Top of Excerpted data

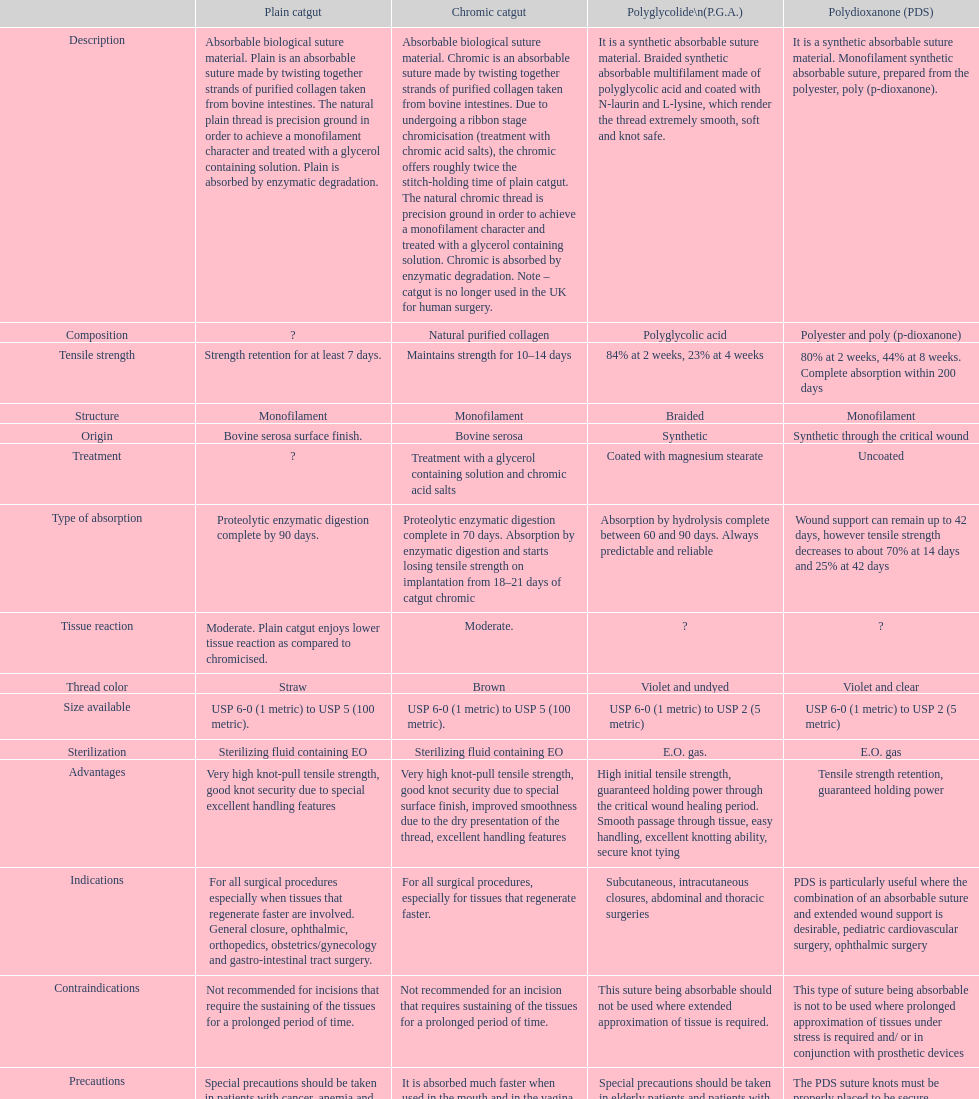In the uk, what category of sutures is no longer employed for surgical procedures on humans? Chromic catgut. 
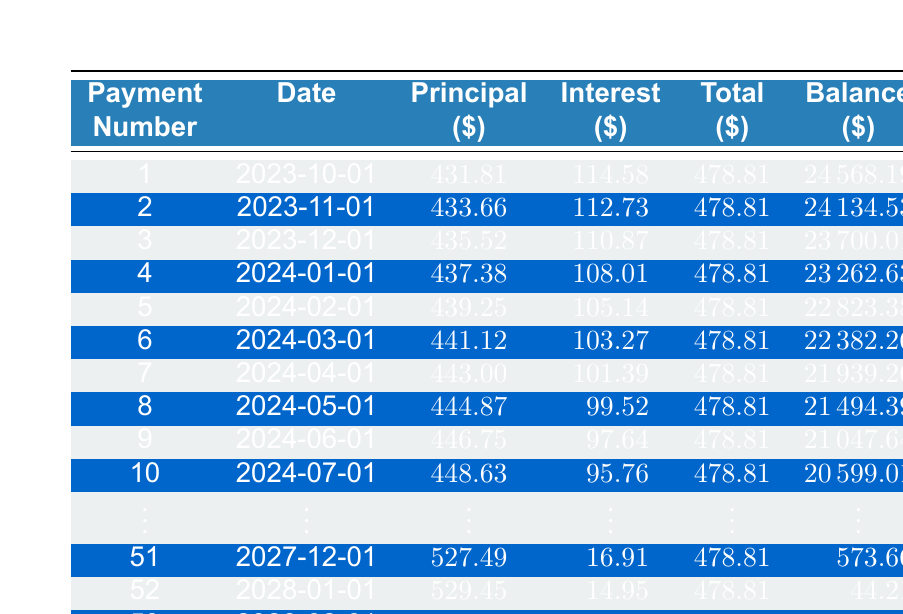What is the total loan amount for John Doe? The loan amount is directly provided in the loan details section of the table. It states the loan amount is 25000.
Answer: 25000 How much is the monthly payment for the loan? The table shows the monthly payment specified in the loan details is 478.81.
Answer: 478.81 What is the principal payment for the first payment? The first row in the amortization schedule indicates that the principal payment for the first payment is 431.81.
Answer: 431.81 What is the total amount paid in interest during the first three payments? The interest payments for the first three months are 114.58, 112.73, and 110.87. Summing these gives 114.58 + 112.73 + 110.87 = 338.18.
Answer: 338.18 Is the interest payment for the second payment less than the principal payment for the second payment? The interest payment for the second payment is 112.73, while the principal payment is 433.66. Since 112.73 is less than 433.66, the statement is true.
Answer: Yes What is the remaining balance after the 10th payment? In the amortization schedule, the remaining balance after the 10th payment is listed as 20599.01.
Answer: 20599.01 What is the total payment made by John Doe after 6 months? To find the total payment made after 6 months, we take the monthly payment of 478.81 and multiply by 6: 478.81 * 6 = 2872.86.
Answer: 2872.86 What is the difference between the principal payment of the 5th and the 4th payment? The principal payment for the 5th payment is 439.25 and for the 4th payment is 437.38. The difference is 439.25 - 437.38 = 1.87.
Answer: 1.87 How many payments are left after the 40th payment? The total loan term is 53 payments, so after the 40th payment, there are 53 - 40 = 13 payments left.
Answer: 13 
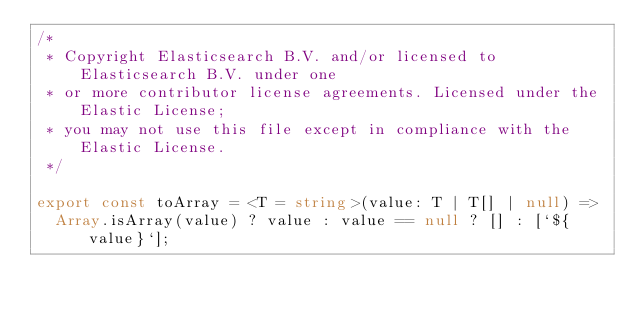<code> <loc_0><loc_0><loc_500><loc_500><_TypeScript_>/*
 * Copyright Elasticsearch B.V. and/or licensed to Elasticsearch B.V. under one
 * or more contributor license agreements. Licensed under the Elastic License;
 * you may not use this file except in compliance with the Elastic License.
 */

export const toArray = <T = string>(value: T | T[] | null) =>
  Array.isArray(value) ? value : value == null ? [] : [`${value}`];
</code> 
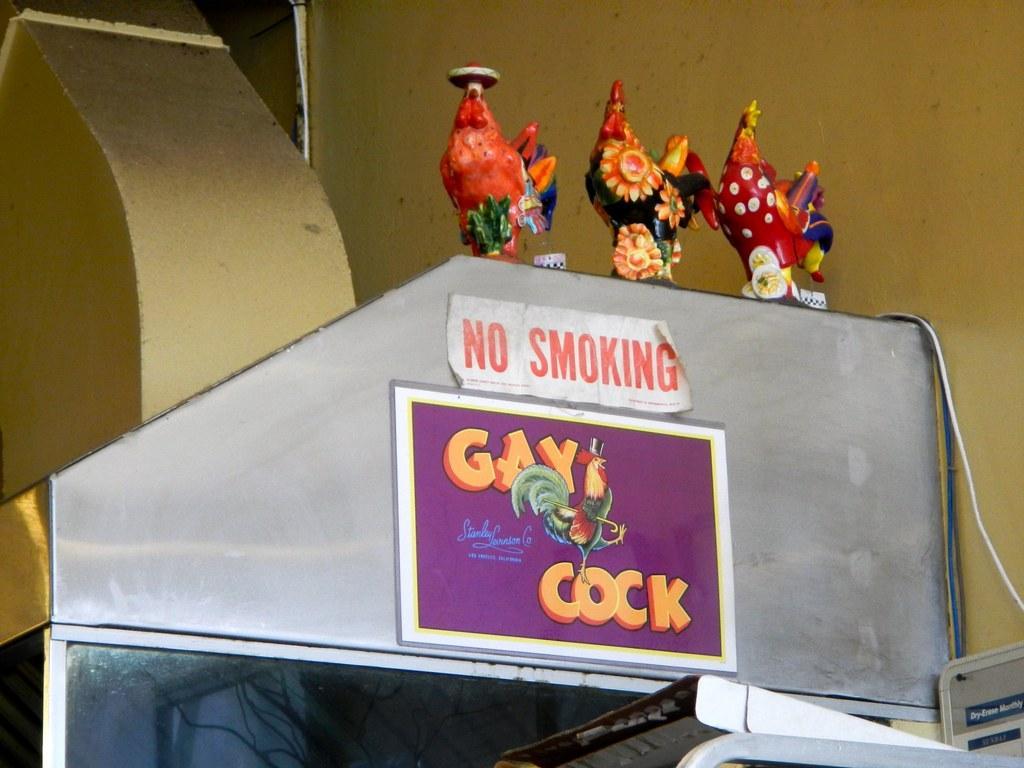Describe this image in one or two sentences. In this picture we can see show pieces, and a few things on an object. We can see some objects in the bottom right. A wire and a wall is visible in the background. 
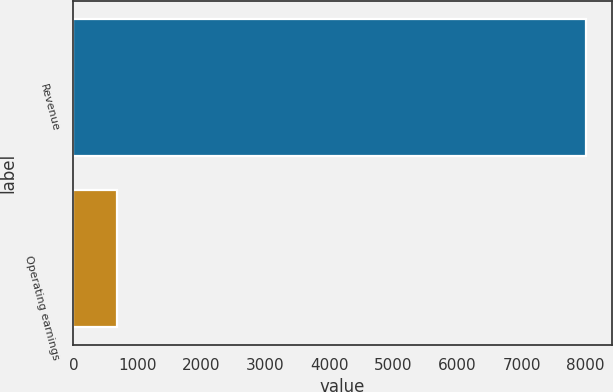<chart> <loc_0><loc_0><loc_500><loc_500><bar_chart><fcel>Revenue<fcel>Operating earnings<nl><fcel>8004<fcel>685<nl></chart> 
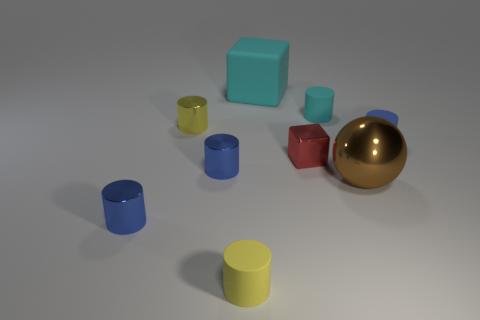Subtract all blue cylinders. How many were subtracted if there are1blue cylinders left? 2 Subtract all small yellow cylinders. How many cylinders are left? 4 Subtract all cyan cylinders. How many cylinders are left? 5 Subtract 3 cylinders. How many cylinders are left? 3 Subtract all purple balls. How many blue cylinders are left? 3 Add 9 small red metallic blocks. How many small red metallic blocks are left? 10 Add 4 tiny blue objects. How many tiny blue objects exist? 7 Subtract 0 purple spheres. How many objects are left? 9 Subtract all balls. How many objects are left? 8 Subtract all gray cylinders. Subtract all brown balls. How many cylinders are left? 6 
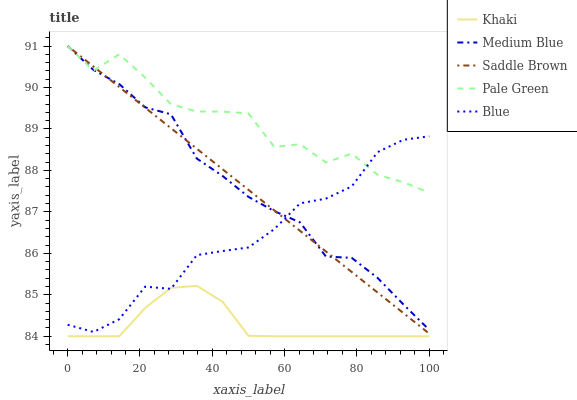Does Khaki have the minimum area under the curve?
Answer yes or no. Yes. Does Pale Green have the maximum area under the curve?
Answer yes or no. Yes. Does Pale Green have the minimum area under the curve?
Answer yes or no. No. Does Khaki have the maximum area under the curve?
Answer yes or no. No. Is Saddle Brown the smoothest?
Answer yes or no. Yes. Is Pale Green the roughest?
Answer yes or no. Yes. Is Khaki the smoothest?
Answer yes or no. No. Is Khaki the roughest?
Answer yes or no. No. Does Pale Green have the lowest value?
Answer yes or no. No. Does Khaki have the highest value?
Answer yes or no. No. Is Khaki less than Medium Blue?
Answer yes or no. Yes. Is Pale Green greater than Khaki?
Answer yes or no. Yes. Does Khaki intersect Medium Blue?
Answer yes or no. No.

Bottom of Excerpted data

Go through the material above and return each line that holds the word "maximum".

Answer yes or no. Yes. Does Pale Green have the maximum area under the curve?
Answer yes or no. No. Does Khaki have the maximum area under the curve?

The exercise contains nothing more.